An early indicator that there might be slight conceptual problems with Geometry Wars 3: Dimensions is that you start to notice how clever everything is. Not necessarily the new additions, of which there are plenty, but the old stuff, like the way the collectable Geoms powering your multiplier encourage you to lurk dangerously close to your prey. The old stuff standing out is worrying enough in itself, but the deeper issue is that you're noticing it at all. With Bizarre Creations' Geometry Wars games there's traditionally never enough time to notice anything, let alone how brilliantly the systems slot together to entrap you. New developer Lucid's take on the series isn't slower - it's just a little less vital.
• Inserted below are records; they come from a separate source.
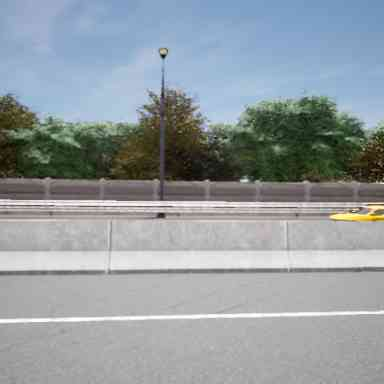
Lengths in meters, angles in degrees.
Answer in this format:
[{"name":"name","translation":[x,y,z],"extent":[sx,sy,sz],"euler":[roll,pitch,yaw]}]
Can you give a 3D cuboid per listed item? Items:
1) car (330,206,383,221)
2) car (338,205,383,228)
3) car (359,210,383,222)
[{"name":"car","translation":[10.552,1.555,19.269],"extent":[5.008,1.535,1.882],"euler":[0,0,-5]},{"name":"car","translation":[12.643,1.647,22.950],"extent":[4.181,1.385,1.994],"euler":[0,0,-5]},{"name":"car","translation":[10.843,1.690,15.785],"extent":[4.718,1.301,1.895],"euler":[0,0,-5]}]
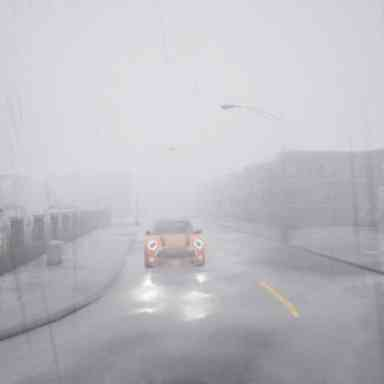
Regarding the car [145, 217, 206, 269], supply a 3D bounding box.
[{"bbox_3d":[-0.734,1.855,13.217,2.097,1.767,4.553,0,-2,-6],"label":"car"}]
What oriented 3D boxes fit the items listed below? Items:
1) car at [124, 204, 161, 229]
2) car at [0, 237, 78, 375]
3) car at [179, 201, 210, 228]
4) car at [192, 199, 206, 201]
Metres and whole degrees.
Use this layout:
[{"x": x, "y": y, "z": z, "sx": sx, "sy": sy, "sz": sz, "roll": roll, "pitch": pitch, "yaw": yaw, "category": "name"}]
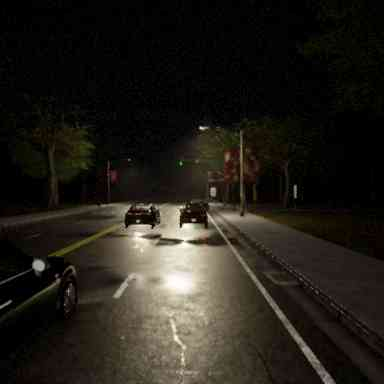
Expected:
[{"x": -3.149, "y": 1.508, "z": 21.840, "sx": 2.128, "sy": 1.511, "sz": 4.902, "roll": 0, "pitch": 0, "yaw": 0, "category": "car"}, {"x": -3.146, "y": 1.356, "z": 4.358, "sx": 2.097, "sy": 1.767, "sz": 4.553, "roll": 0, "pitch": 0, "yaw": -1, "category": "car"}, {"x": 0.101, "y": 1.543, "z": 22.483, "sx": 1.812, "sy": 1.442, "sz": 4.674, "roll": 0, "pitch": 0, "yaw": 0, "category": "car"}, {"x": 0.795, "y": 1.528, "z": 36.634, "sx": 2.128, "sy": 1.511, "sz": 4.902, "roll": 0, "pitch": 0, "yaw": 11, "category": "car"}]
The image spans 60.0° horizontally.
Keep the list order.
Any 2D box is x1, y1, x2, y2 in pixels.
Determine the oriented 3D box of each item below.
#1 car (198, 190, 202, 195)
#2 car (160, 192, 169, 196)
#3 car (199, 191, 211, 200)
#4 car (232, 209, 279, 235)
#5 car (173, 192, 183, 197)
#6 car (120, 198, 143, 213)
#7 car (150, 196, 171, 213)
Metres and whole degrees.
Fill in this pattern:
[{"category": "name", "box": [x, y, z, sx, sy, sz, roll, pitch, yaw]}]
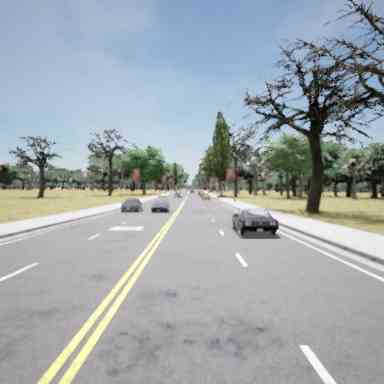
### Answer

Euclid pointed out the major snag 2000 years ago, in fact, when he defined a line (I had to look this quote up) as "breadthless length". You can't really improve on that, just as you can't really improve on the template that Bizarre Creations laid down, taking the wonderfully jittery twin-stick shooting of Robotron and rendering it smooth and cool and gleamingly abstract. This being video games, Bizarre itself came back for a second swing, and it's interesting to see how the developers handled that. Retro Evolved 2 kept the no-mess high-score mentality in place, but it twisted the central mechanics of moving and blasting into a variety of clever new modes.

Lucid captures Geo Wars' sense of movement well - that feeling of gliding through thick air. Bosses are a nice addition, folding nicely into the wave-based structure.

With a campaign to fill, Lucid's opted for gimmicks rather than modes, and a lot of the time this actually works better than you might expect. The main offering here is an adventure suite built of dozens of unlockable stages. Some of them come with bespoke arenas, warping the flat plains of the classic games into 3D peanuts and pitcher's mounds and cough drops. Many of them have their own conceits, too. Alongside levels that borrow existing ideas like King and Pacifism, there are stages where nasty little Zambonis rumble around incrementally painting the landscape, and stages that get narrower and narrower as you play.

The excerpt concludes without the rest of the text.